When you iterate over lists it's probably intuitive now for most to use Array.map(). However, many of us also like to generate our lists based on some range, not by way of data but some application logic defined number. Usually, I'll import lodash.range or create a range helper. What about specific sequences like Fibonacci? Well here we can take the power of large, possibily infinite size lists. Normally large lists would hurt performance if it's particularly large even in O(n).

Essentially we're creating a lazy loaded sequence.

In a lot of libraries today we have lazy load as a common way of handling lists of data that may be large in length or in size per element; image galleries.

Without writing a lot of helpers, importing libraries, or getting caught in cumbersome type associations as boilerplate, we can look at built-in Generators.

Now when we define our applications sequences or even the json we may use, we can immediately "close the faucet" of the flow of that data.

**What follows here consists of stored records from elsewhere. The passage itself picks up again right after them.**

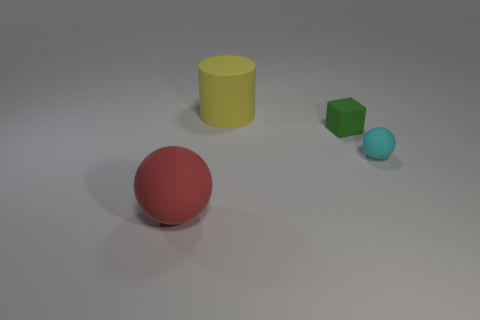Add 1 large rubber balls. How many objects exist? 5 Subtract all cyan balls. How many balls are left? 1 Add 2 large yellow things. How many large yellow things exist? 3 Subtract 1 green cubes. How many objects are left? 3 Subtract all cylinders. How many objects are left? 3 Subtract 1 blocks. How many blocks are left? 0 Subtract all brown balls. Subtract all cyan cylinders. How many balls are left? 2 Subtract all yellow rubber cylinders. Subtract all yellow matte objects. How many objects are left? 2 Add 4 yellow cylinders. How many yellow cylinders are left? 5 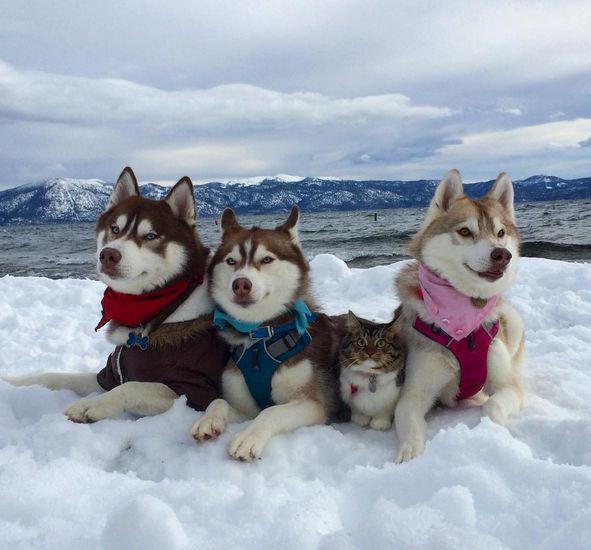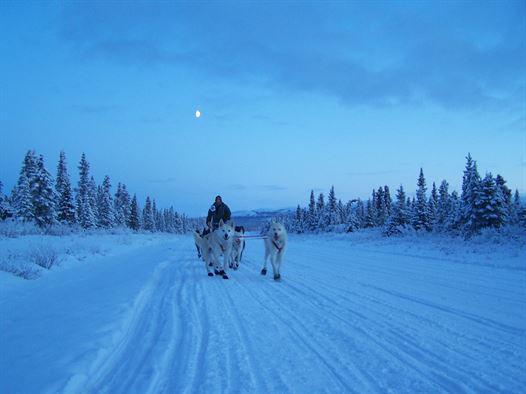The first image is the image on the left, the second image is the image on the right. Given the left and right images, does the statement "One photo contains a single dog." hold true? Answer yes or no. No. The first image is the image on the left, the second image is the image on the right. Given the left and right images, does the statement "An image shows just one dog, which is wearing a harness." hold true? Answer yes or no. No. 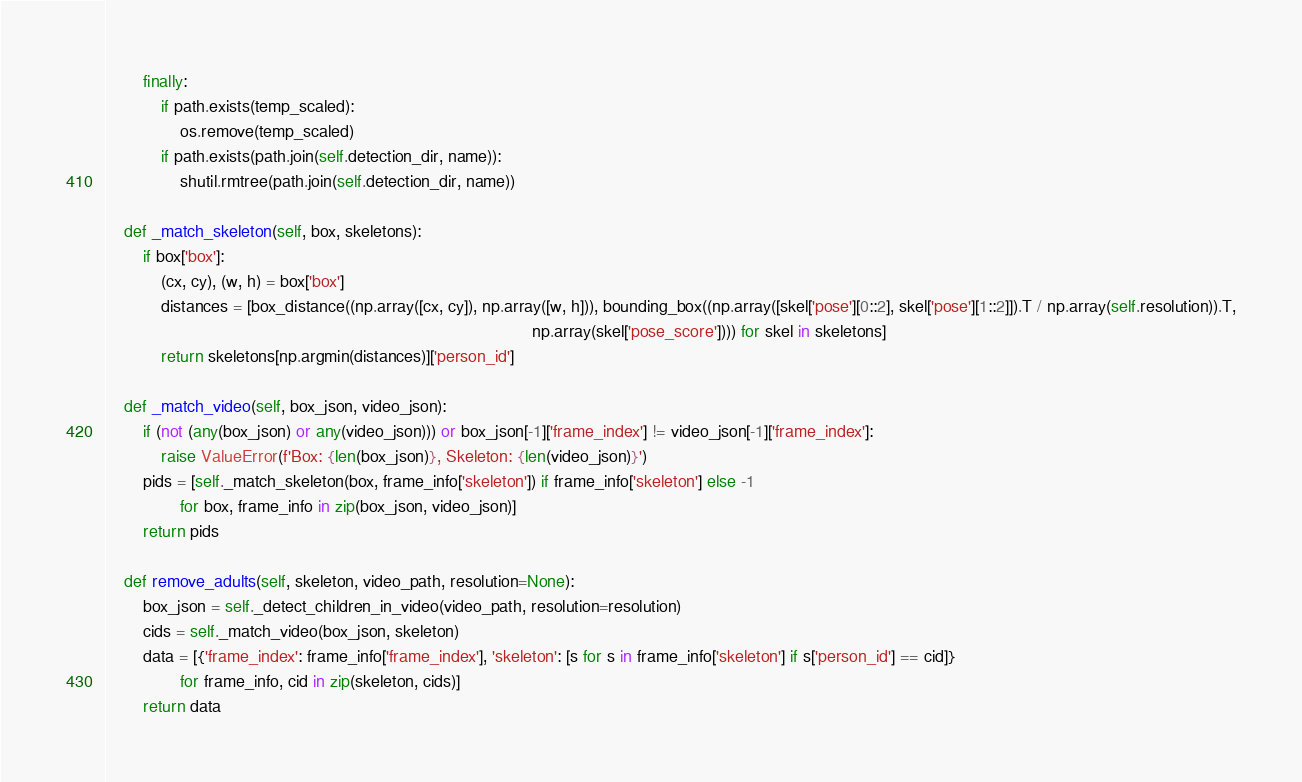Convert code to text. <code><loc_0><loc_0><loc_500><loc_500><_Python_>        finally:
            if path.exists(temp_scaled):
                os.remove(temp_scaled)
            if path.exists(path.join(self.detection_dir, name)):
                shutil.rmtree(path.join(self.detection_dir, name))

    def _match_skeleton(self, box, skeletons):
        if box['box']:
            (cx, cy), (w, h) = box['box']
            distances = [box_distance((np.array([cx, cy]), np.array([w, h])), bounding_box((np.array([skel['pose'][0::2], skel['pose'][1::2]]).T / np.array(self.resolution)).T,
                                                                                           np.array(skel['pose_score']))) for skel in skeletons]
            return skeletons[np.argmin(distances)]['person_id']

    def _match_video(self, box_json, video_json):
        if (not (any(box_json) or any(video_json))) or box_json[-1]['frame_index'] != video_json[-1]['frame_index']:
            raise ValueError(f'Box: {len(box_json)}, Skeleton: {len(video_json)}')
        pids = [self._match_skeleton(box, frame_info['skeleton']) if frame_info['skeleton'] else -1
                for box, frame_info in zip(box_json, video_json)]
        return pids

    def remove_adults(self, skeleton, video_path, resolution=None):
        box_json = self._detect_children_in_video(video_path, resolution=resolution)
        cids = self._match_video(box_json, skeleton)
        data = [{'frame_index': frame_info['frame_index'], 'skeleton': [s for s in frame_info['skeleton'] if s['person_id'] == cid]}
                for frame_info, cid in zip(skeleton, cids)]
        return data
</code>

Only opening it when we need it, making it reusable, and allowing us to completely throw it out if we need to start over.

A Linked List

Given a list of data we can look at a list of lists to get started:

const familyTree = [
    ["Adam", "Jane", "Doe"],
    ["Jane", "Peter", "Mary"],
    ["Mary", "Liam", "Olivia"],
    ["William", "Ava", "Lucas"]
]

Here we have a "sorted" list going from familyTree[0] being the earliest generation and last index being the oldest.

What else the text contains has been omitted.